Meanwhile, the three journalists were left in the dark about the lawyer’s decision until his sudden resignation, and voiced their shock at his actions.
Still, one of Fahmy’s current lawyers, Negad Borai, also maintains that the broadcast of AJE-intended footage on the Arabic channel was a “deep mistake” made by the network, and said that effectively, Al Jazeera broke its contract with his client. For all of Al Jazeera’s missteps, however, many observe that it is precisely because of their Al Jazeera affiliation that the reporters remain behind bars.
“Egyptian authorities want to punish Fahmy and the others on behalf of Al Jazeera,” said Borai.
Qatar and Egypt’s Feud
With state television largely avoiding coverage of the 2011 uprisings, Al Jazeera, including its Arabic channel, was well-regarded for the fact that it covered the protests.
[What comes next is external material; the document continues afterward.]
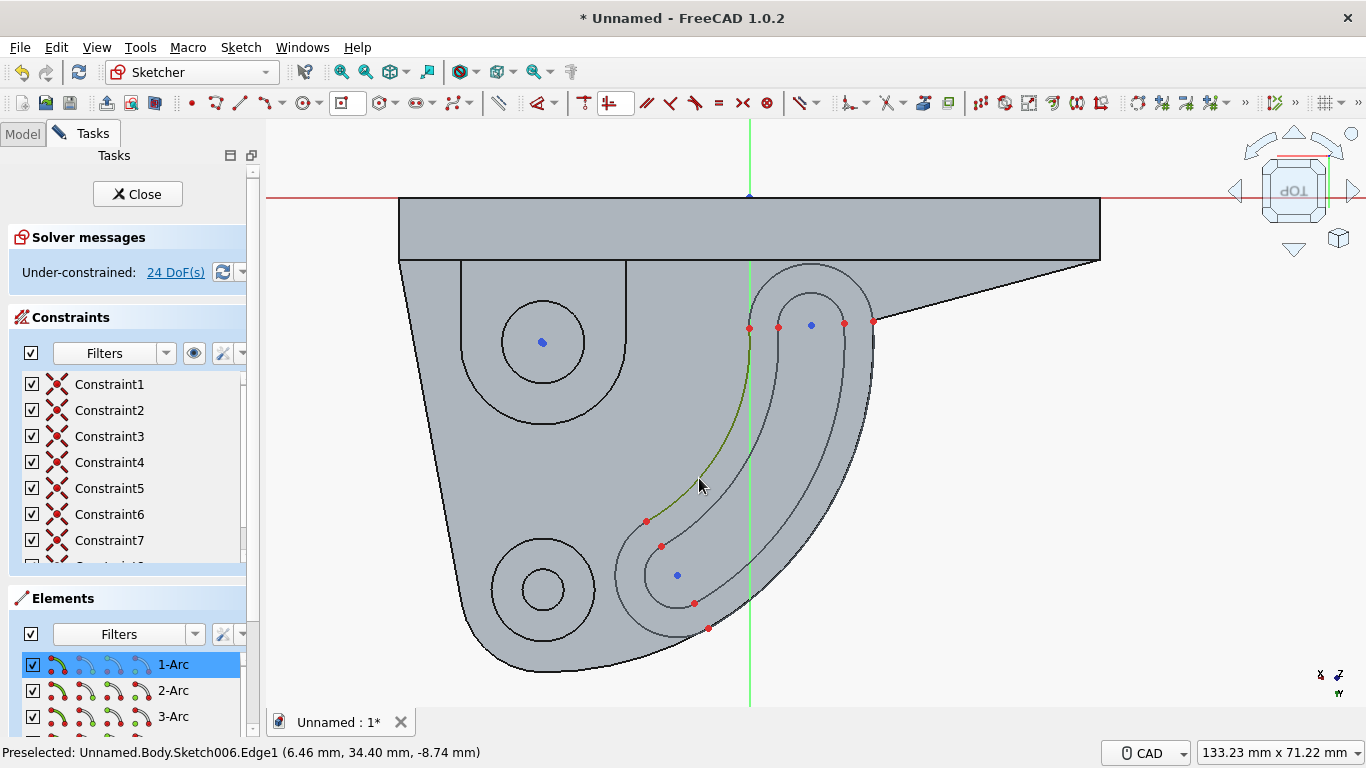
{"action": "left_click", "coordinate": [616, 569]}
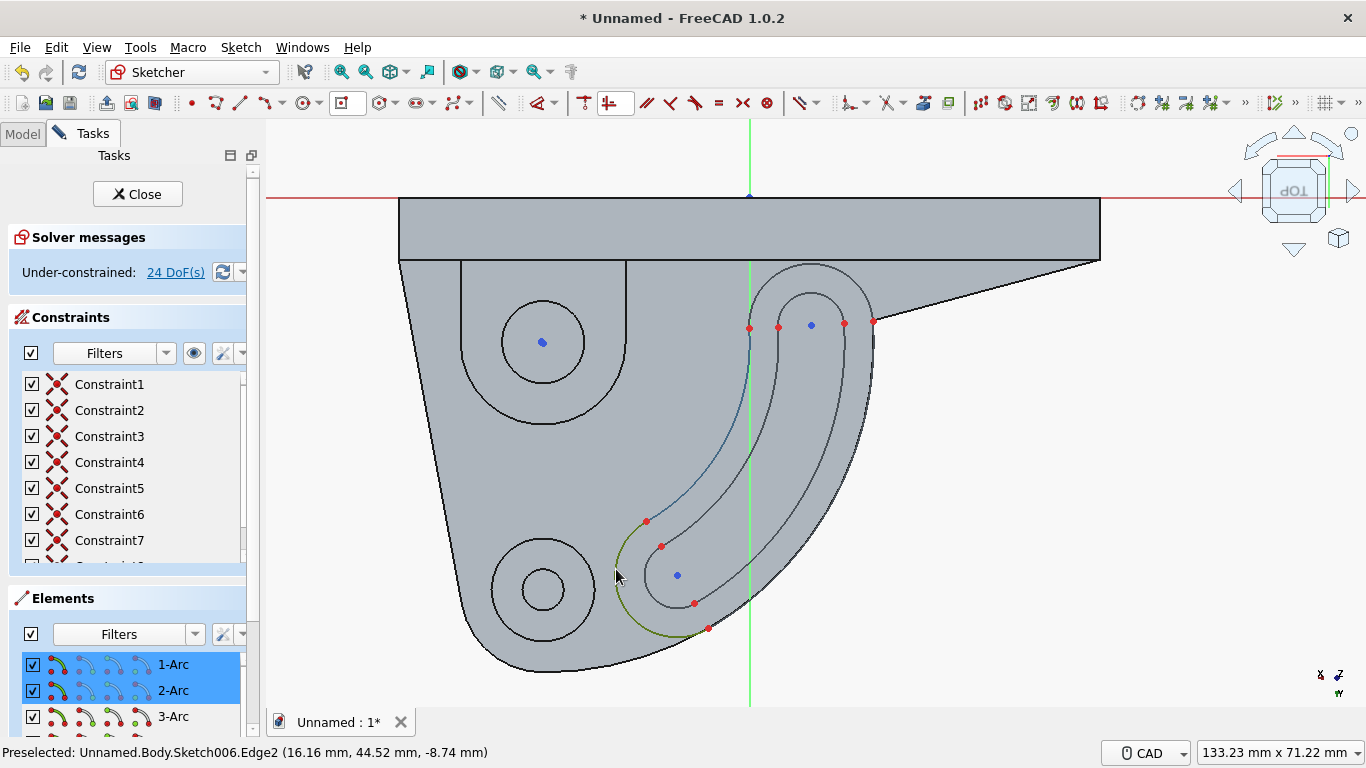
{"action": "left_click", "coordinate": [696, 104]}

Al Jazeera was founded and is funded by the royal family of Qatar, and has been criticized for being largely influenced by the Qatari emir and, in turn, his foreign policy.
Last month, in a letter to the Canadian Journalists for Freedom of Expression, Fahmy wrote that he and his colleagues “are victims of a real ongoing war between Egypt and Qatar.” Many support the view that the case had political undertones and was driven by a vendetta between the two governments.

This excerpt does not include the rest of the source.